Io sono la porta. Gesù ribadisce questa formula di auto-rivelazione, ripetendola una seconda volta dopo il duplice “amen” di apertura, per rafforzare la sua funzione salvifica esclusiva: “se uno entra attraverso di me, sarà salvo”. La salvezza, acquisita mediante la fede in Cristo, viene resa da una sequenza di azioni (entrare, uscire, trovare pascolo) tipicamente semitica e di derivazione vetero-testamentaria (cf. Dt 28,6; 31,2; 1Sam 29,6; 2Sam 3,25); i termini contrari (entrare, uscire), infatti, esprimono in ebraico il concetto di totalità (cf. Dt 6,7) che, in questo caso, ha come fine il raggiungimento della pienezza di vita (trovare pascolo). Pascolando, le pecore si mantengono in vita ed i pingui pascoli sono un’immagine dell’assistenza divina (Sal 23,2), che viene applicata sia alla salvezza di Israele (Ez 34, 12-15) che alla benedizione escatologica (Is 49,9ss).
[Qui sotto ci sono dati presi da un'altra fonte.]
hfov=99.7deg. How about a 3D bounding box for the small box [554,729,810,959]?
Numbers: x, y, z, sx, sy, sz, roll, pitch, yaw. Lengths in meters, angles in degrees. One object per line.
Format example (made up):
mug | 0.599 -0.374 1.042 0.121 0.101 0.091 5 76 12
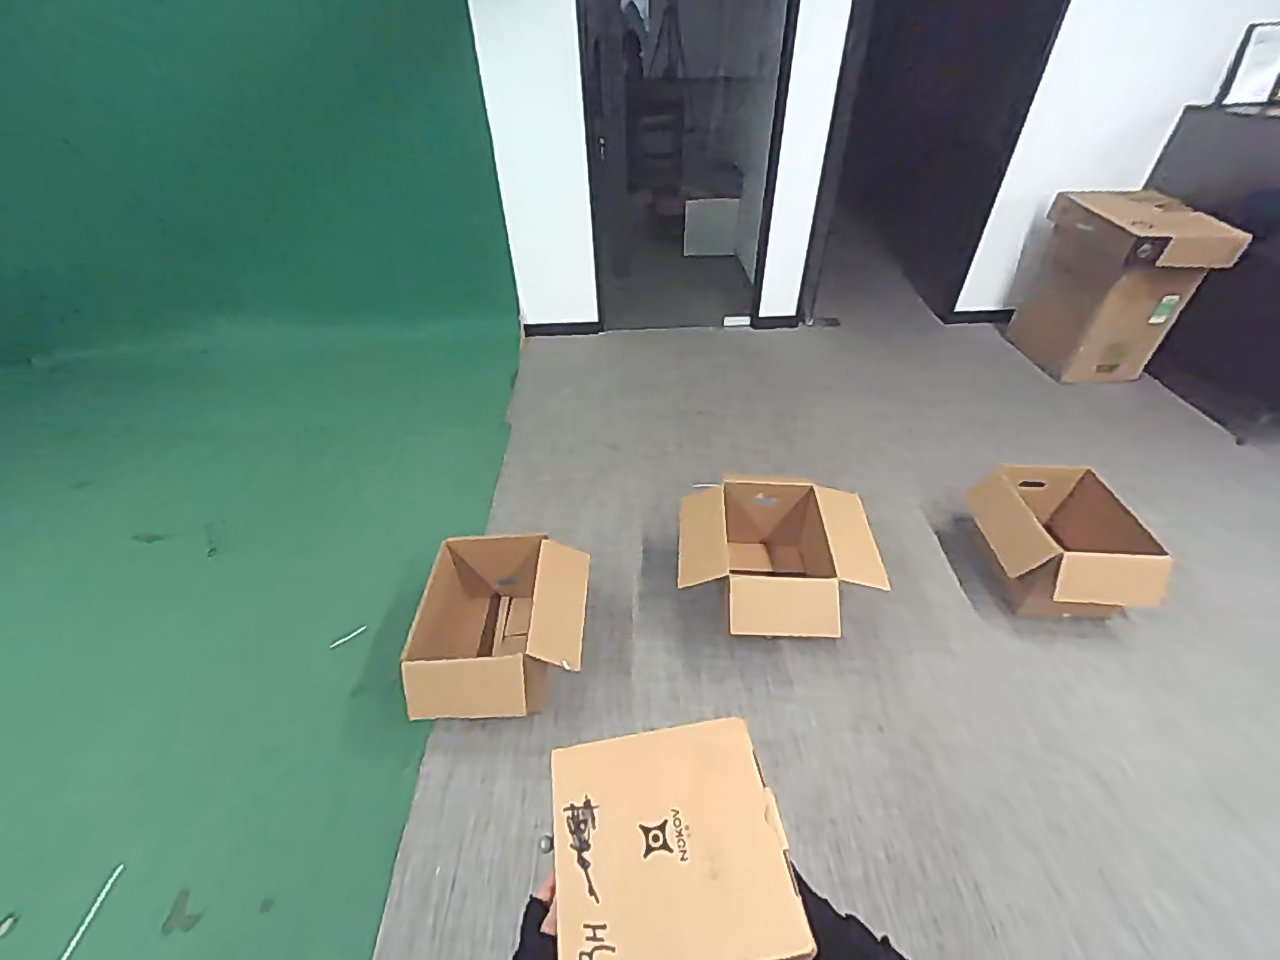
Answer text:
small box | 0.021 0.345 0.470 0.179 0.176 0.168 -6 39 -6
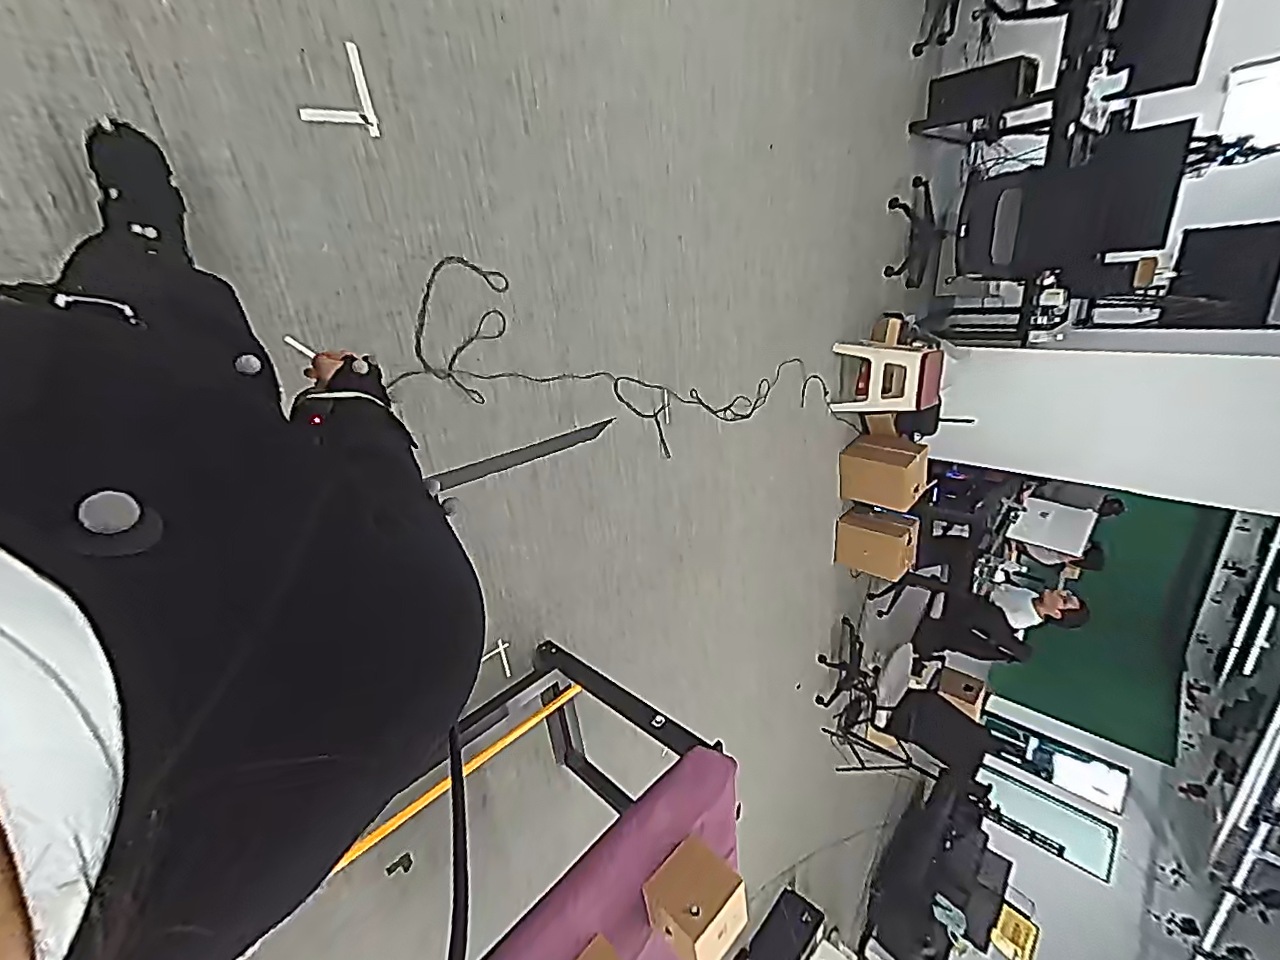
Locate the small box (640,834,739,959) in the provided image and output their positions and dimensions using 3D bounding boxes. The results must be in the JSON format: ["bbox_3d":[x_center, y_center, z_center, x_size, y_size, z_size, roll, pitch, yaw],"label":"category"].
[{"bbox_3d":[0.113,1.005,1.286,0.179,0.176,0.168,-27,120,-37],"label":"small box"}]
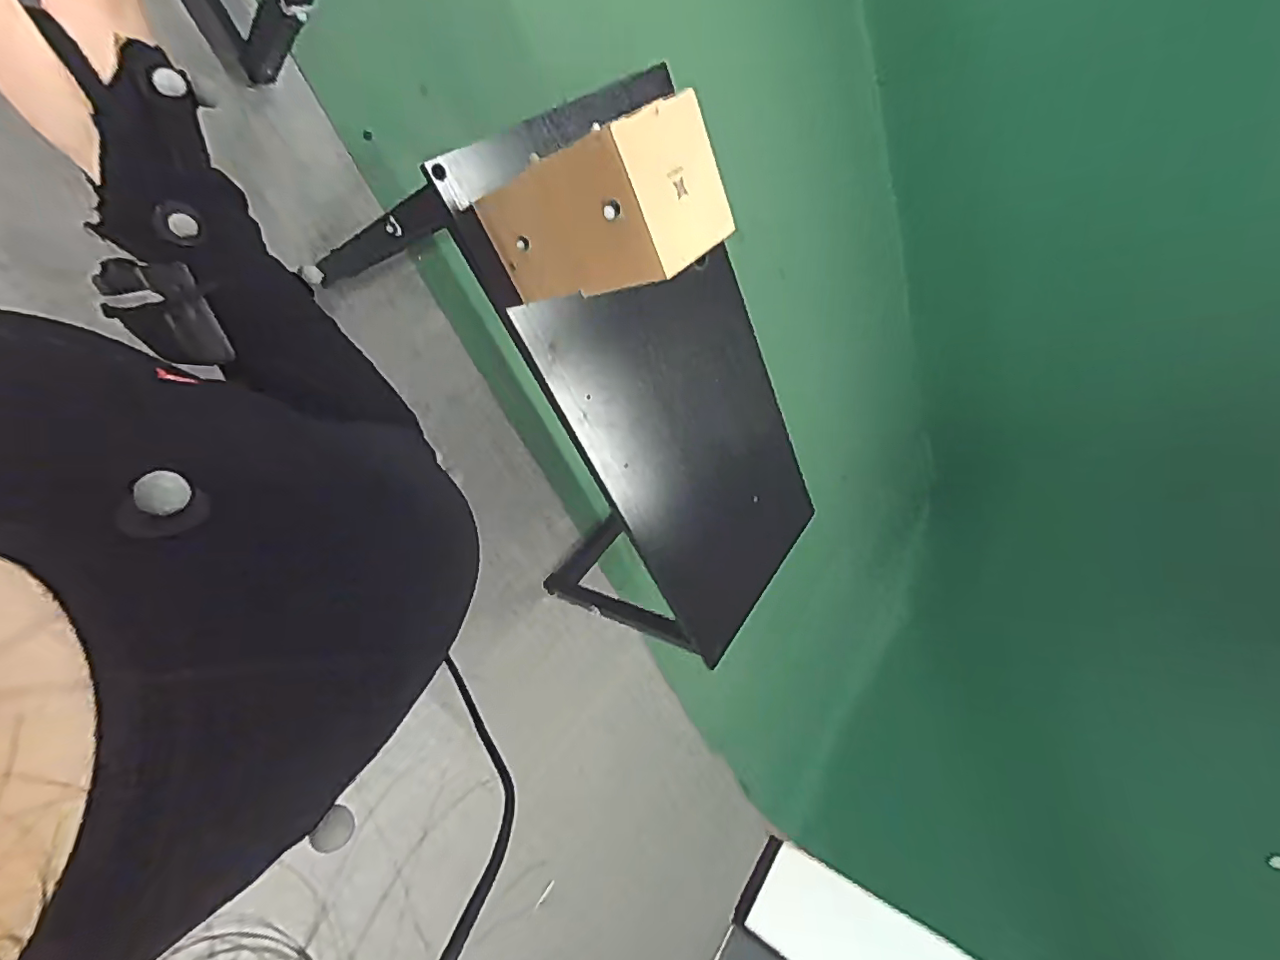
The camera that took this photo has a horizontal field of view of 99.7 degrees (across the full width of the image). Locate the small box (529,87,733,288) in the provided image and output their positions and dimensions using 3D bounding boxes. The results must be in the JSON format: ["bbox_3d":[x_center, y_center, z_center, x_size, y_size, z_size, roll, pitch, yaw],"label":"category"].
[{"bbox_3d":[-0.011,-0.369,0.712,0.168,0.176,0.179,-46,125,-30],"label":"small box"}]

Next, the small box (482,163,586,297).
[{"bbox_3d":[-0.117,-0.401,0.833,0.179,0.176,0.168,-46,126,-30],"label":"small box"}]

L’evangelista riprende, così, un’immagine antica per far comprendere ai suoi lettori che la vita divina viene comunicata ai credenti attraverso Gesù (10,10).

Per descrivere l’azione malefica dei ladri, dei predoni e degli estranei, l’autore precisa le tipiche azioni del ladro assassino, che “ruba, uccide, distrugge”. Al contrario di costui, Gesù (porta e pastore delle pecore) mantiene in vita le pecore, anzi, vuole accrescere la loro vita oltre misura. La rovina, causata dal ladro assassino e distruttore, è la morte eterna, ossia la perdita della vera vita che solo i credenti possono ricevere grazie a Gesù (Gv 3,16.36; 5,40; 6,33.35.48.51; 14,6; 20,31; Ap 7,17; Mt 25,29; Lc 6,38). L’eccezionale pienezza di vita che viene da Dio è, in altri passi, illustrata con le immagini della sorgente zampillante (4,14; 7,38) o del pane che estingue per sempre la fame (6,35.50.58) ed è qualificata dalla dimensione atemporale dell’eternità. La vita eterna, di cui parla l’evangelista per bocca di Gesù, non è tanto, o non solo, la vita post-mortale presso Dio distinta dalla vita presente, ma è la vita indistruttibile che sopravvive alla morte del corpo, è la vita escatologica che partecipa, con pienezza e sovrabbondanza, della vita stessa di Dio.